Now when promoting packages from your unapproved-powershell feed, you'll only have the option to promote to the specified approved feed.

Approved Feed Options

Step 3: Set Permissions

There are many ways to configure security access controls for uses and groups in ProGet. In this example, we want to permit only network engineers to promote packages in the approved-powershell feed, since they're trained to check the quality, licenses, and vulnerabilities of open-source packages. To ensure this rule, we'll set up a new permission. By default, only administrators have assigned permissions.
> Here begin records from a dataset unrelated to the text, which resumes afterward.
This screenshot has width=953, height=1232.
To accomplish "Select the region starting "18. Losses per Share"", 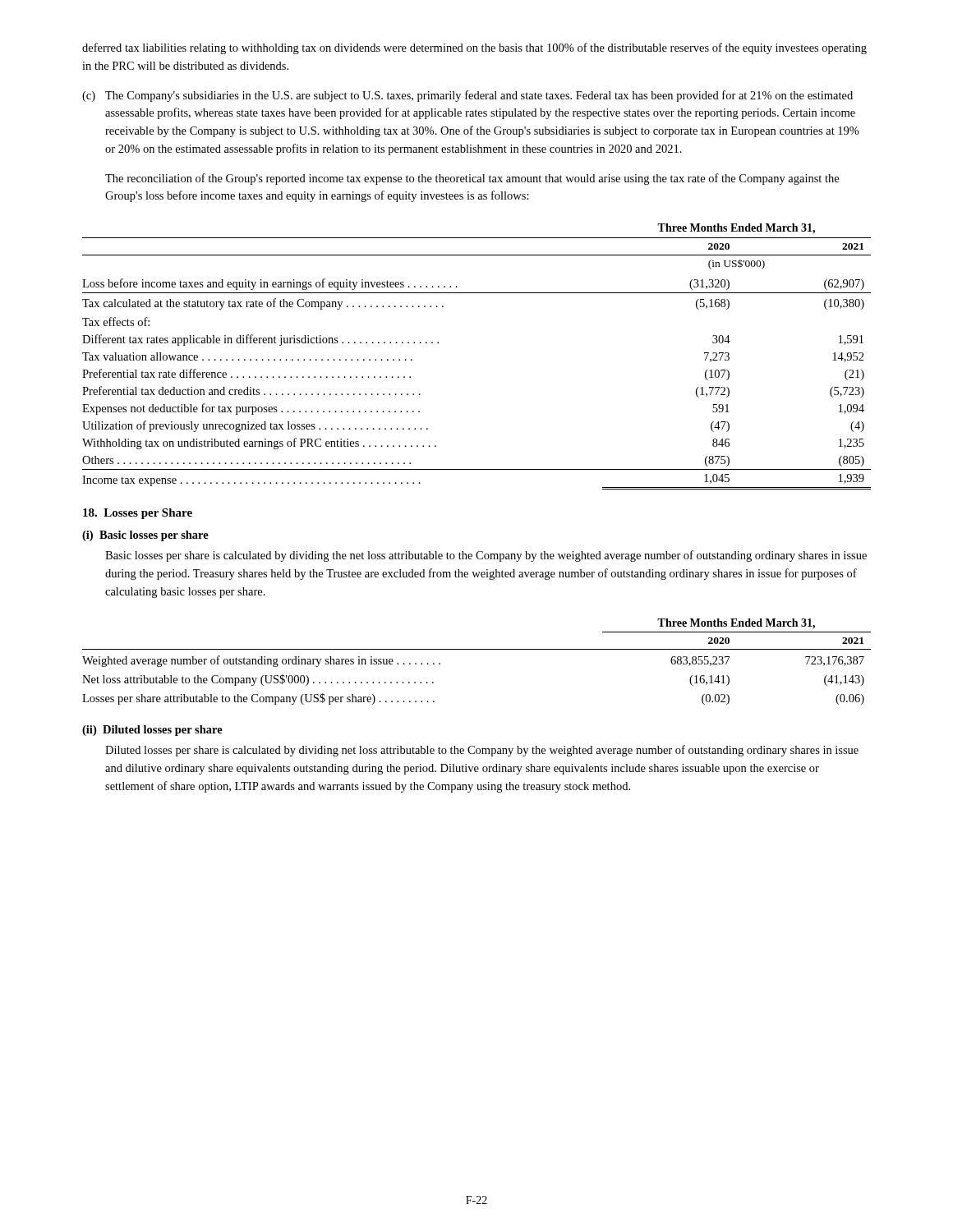I will (x=137, y=513).
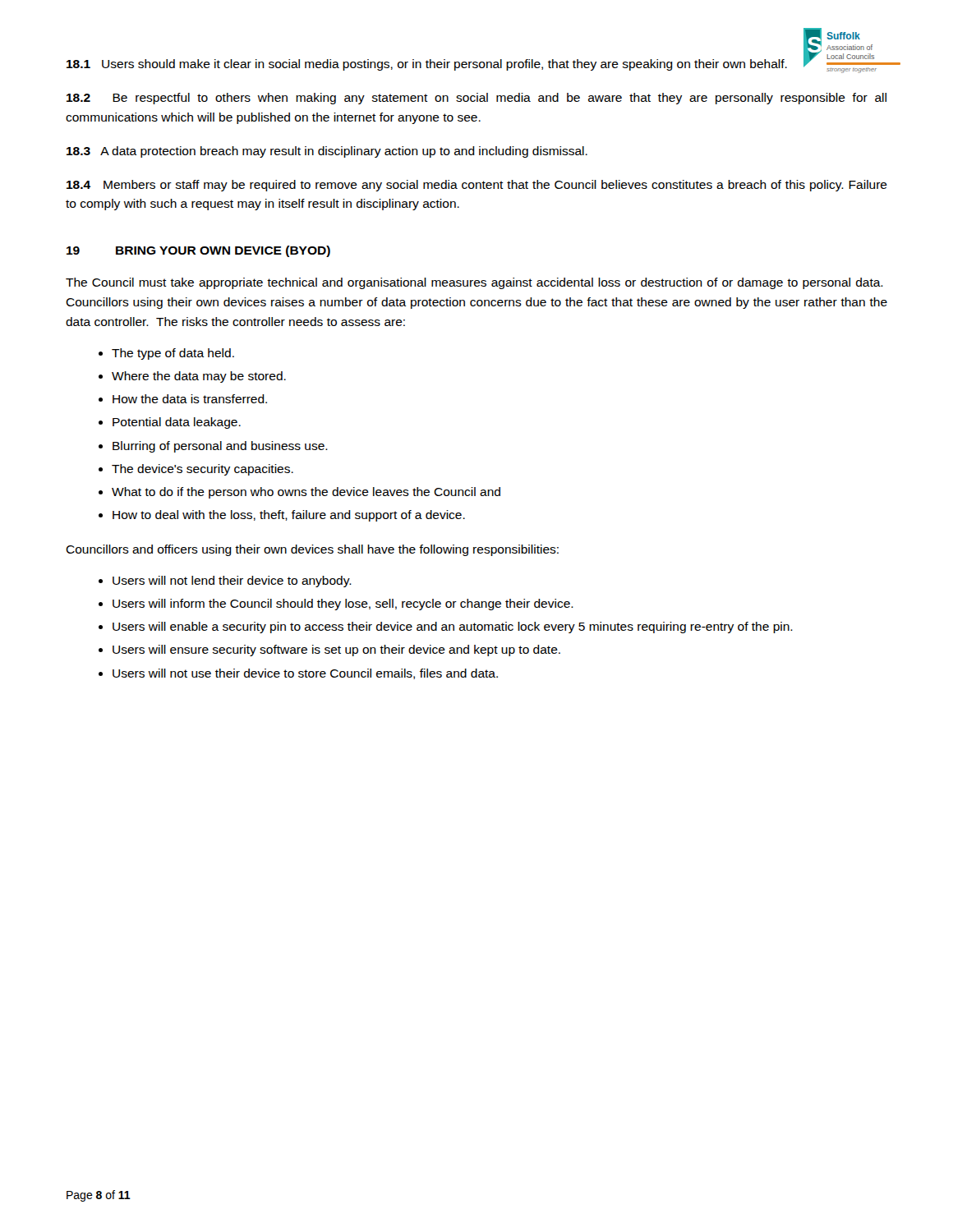Point to the block beginning "What to do"
This screenshot has width=953, height=1232.
coord(306,492)
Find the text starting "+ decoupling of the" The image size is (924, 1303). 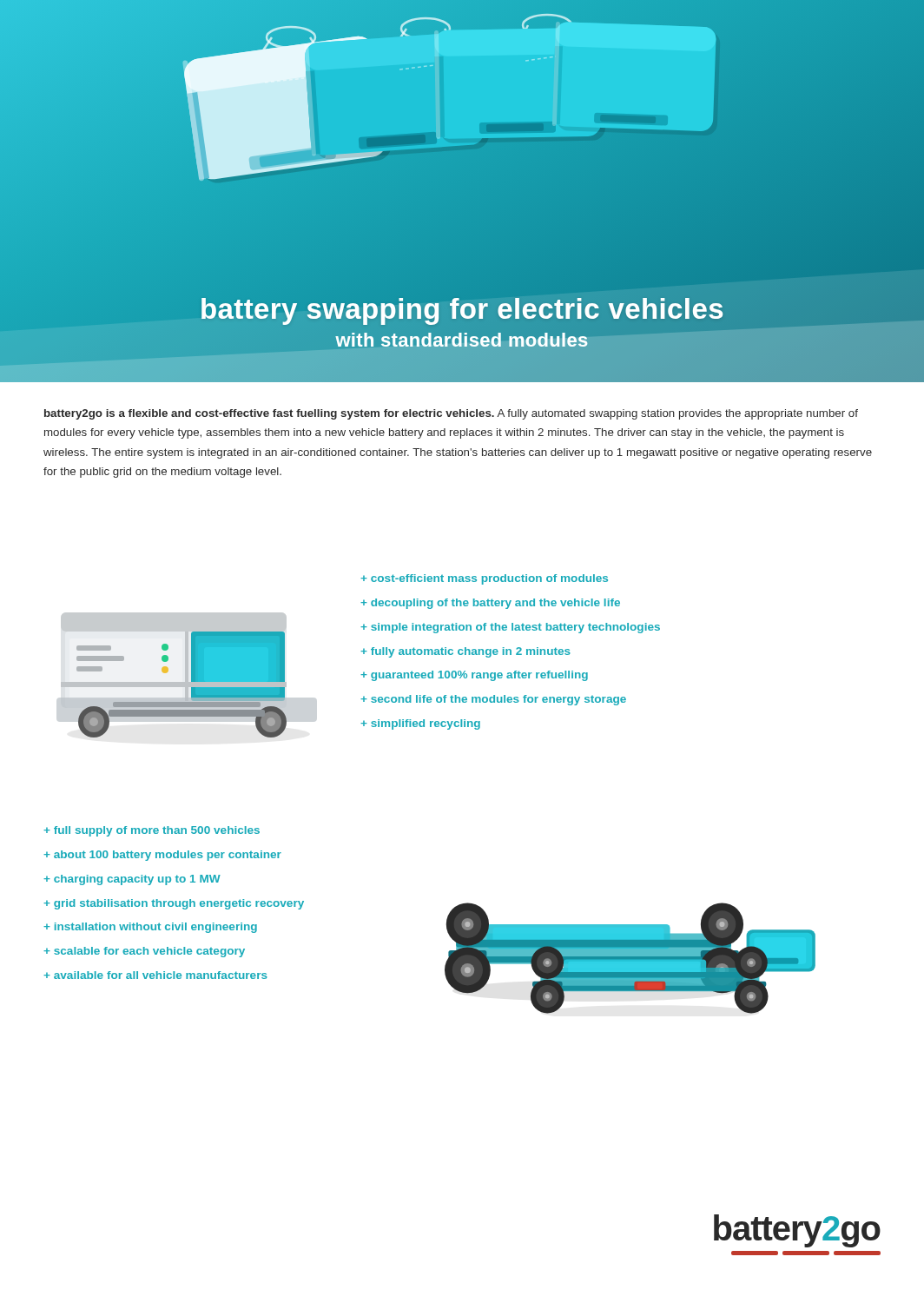(490, 602)
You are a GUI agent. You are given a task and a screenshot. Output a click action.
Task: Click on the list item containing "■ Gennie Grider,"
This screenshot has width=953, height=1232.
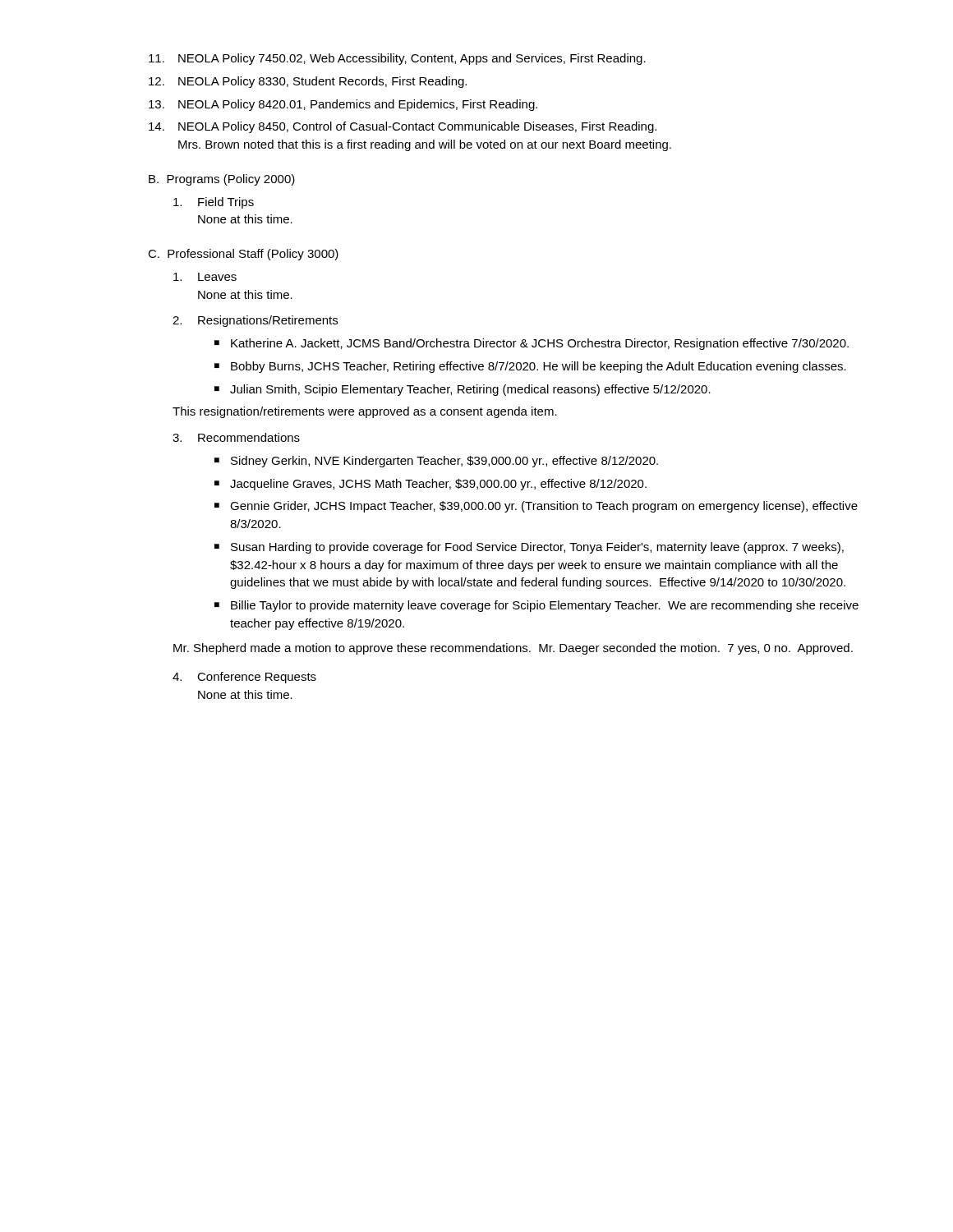pyautogui.click(x=550, y=515)
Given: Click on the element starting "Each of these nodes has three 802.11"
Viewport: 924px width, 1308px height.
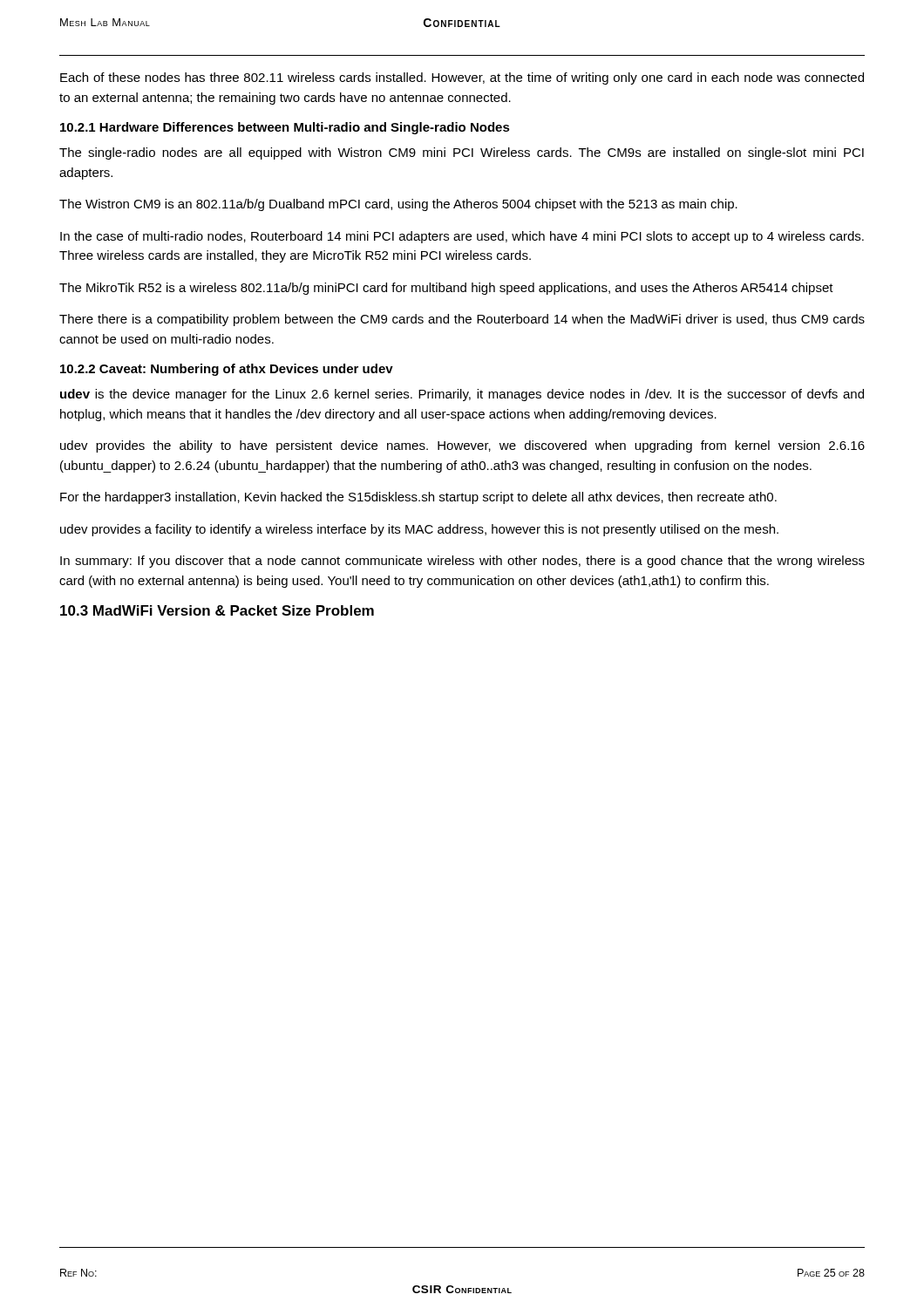Looking at the screenshot, I should click(462, 88).

To start, we navigate to "Settings"> "Manage Security".

Manage Security

We then navigate to the "Tasks / Permissions" tab, listing the currently configured permissions, and select "add permission".

Tasks / Permissions

Next, we will fill out the following dialog to give the "Network Engineers" user group permission to "Promote Packages" from the unapproved-powershell feed.

Permit Engineers

Following the same steps, we will also give the "Operations Team" user group permission to "View and Download" packages from the approved-powershell feed.

Permit Operations

After saving these two privileges, the task overview page looks like this:

Permissions Overview

Step 4: Configure Your Feeds with PowerShell

To use this newly created feed with PowerShell, we first need to find the endpoint URL on the Feed Overview page and register it as a source.

PowerShell Endpoint

To register this endpoint, we'll use the Register-PSRepository cmdlet with the following parameters:

  • -Name - the name of the approved packages feed
  • -SourceLocation - the Endpoint URL of the approved packages feed

We can find the required line already set for us by selecting "Set Up PowerShell" on the right-hand side, which will bring up a dialog we can copy from:

Setup Button

Setup CMD

However, PowerShell will try to pull modules from the PowerShell Gallery, so we need to unregister it using the Unregister-PSRepository cmdlet. That only requires one parameter (Name), which is PSGallery by default.

After that, PowerShell will only use the approved packages feed for modules, without needing to access the public PowerShell Gallery.

Note that, if we want to publish packages to this feed, we'll need to also specify the PublishLocation parameter as well. This would be the same as SourceLocation.